StatementMeta(, 025c3015-e649-4543-86ef-80d9a6d021e9, 6, Finished, Available, Finished)

In [3]:
def insert_metadata(df):
    '''
    This function inserts metadata into the given DataFrame by adding a new column with the current timestamp 
    formatted according to the Brazilian time zone.

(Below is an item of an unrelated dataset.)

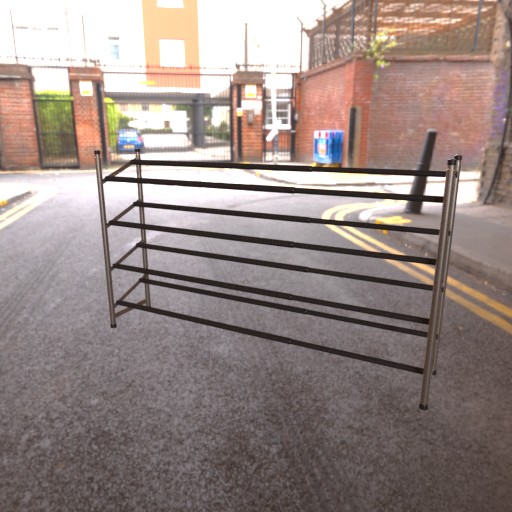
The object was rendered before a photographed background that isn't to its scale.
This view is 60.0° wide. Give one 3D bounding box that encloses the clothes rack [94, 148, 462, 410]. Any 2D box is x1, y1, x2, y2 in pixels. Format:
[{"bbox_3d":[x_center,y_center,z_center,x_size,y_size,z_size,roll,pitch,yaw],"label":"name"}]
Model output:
[{"bbox_3d":[0.000,0.000,1.473,1.168,0.672,0.229,8,17,26],"label":"clothes rack"}]

    The function performs the following steps:
    1. Defines the Brazilian time zone ("America/Sao_Paulo").
    2. Converts the current UTC timestamp to the Brazilian time zone.
    3. Formats the timestamp to a specific string format ("yyyyMMddHHmmss").
    4. Adds a new column "INGESTION_DATE" to the DataFrame with the formatted timestamp.
    5. Returns the DataFrame with the new metadata column.

    Args:
        df (DataFrame): The input DataFrame to which the metadata column will be added.

    Returns:
        DataFrame: The resulting DataFrame with an additional "INGESTION_DATE" column containing the formatted timestamp.
    '''

    # Define the Brazilian time zone
    brazilian_time_zone = "America/Sao_Paulo"
    
    # Convert the current UTC timestamp to the Brazilian time zone
    brazilian_timestamp = from_utc_timestamp(current_timestamp(), brazilian_time_zone)
    
    # Format the timestamp as "yyyyMMddHHmmss"
    formatted_timestamp = date_format(brazilian_timestamp, "yyyyMMddHHmmss")
    
    # Add a new column "INGESTION_DATE" to the DataFrame with the formatted timestamp
    df = df.withColumn("INGESTION_DATE", formatted_timestamp)
    
    # Return the DataFrame with the added metadata column
    return df


StatementMeta(, 025c3015-e649-4543-86ef-80d9a6d021e9, 7, Finished, Available, Finished)

In [5]:
def write_parquet_file(df, table_name):
    '''
    This function writes a Spark DataFrame to a Parquet file and saves it as a Delta table.

    The function performs the following steps:
    1. Extracts the `INGESTION_DATE` value from the DataFrame and uses it to construct the file path.
    2. Organizes the file path into a specific directory structure based on the year, month, day, and time.
    3. Writes the DataFrame to the constructed file path as a Parquet file.
    4. Saves the DataFrame as a Delta table with schema overwrite enabled.

    Args:
        df (DataFrame): The Spark DataFrame to be written.
        table_name (str): The name of the table to be used for constructing the file path and saving the Delta table.

    Returns:
        None
    '''

    # Extract the distinct 'INGESTION_DATE' from the DataFrame
    parquet_table_name = df.select('INGESTION_DATE').distinct().collect()[0][0]
    
    # Parse the 'INGESTION_DATE' into year, month, day, and time components
    year = parquet_table_name[0:4]
    month = parquet_table_name[4:6]
    day = parquet_table_name[6:8]
    time = parquet_table_name[8:]
    
    # Construct the file path using the parsed components and the table name
    file_path = f"abfss://6870845f-6c5b-4f2b-a193-d7c7bac67d3b@onelake.dfs.fabric.microsoft.com/a139e00c-b185-4563-9a2d-ccae704b3457/Files/{table_name}/{year}/{month}/{day}/{time}"
    
    # Write the DataFrame to the constructed file path as a Parquet file
    df.write.parquet(file_path)
    
    # Save the DataFrame as a Delta table with schema overwrite enabled
    df.write \
        .option("overwriteSchema", "true") \
        .format("delta") \
        .mode("overwrite") \
        .saveAsTable(table_name, mode="overwrite", ifNotExists=True)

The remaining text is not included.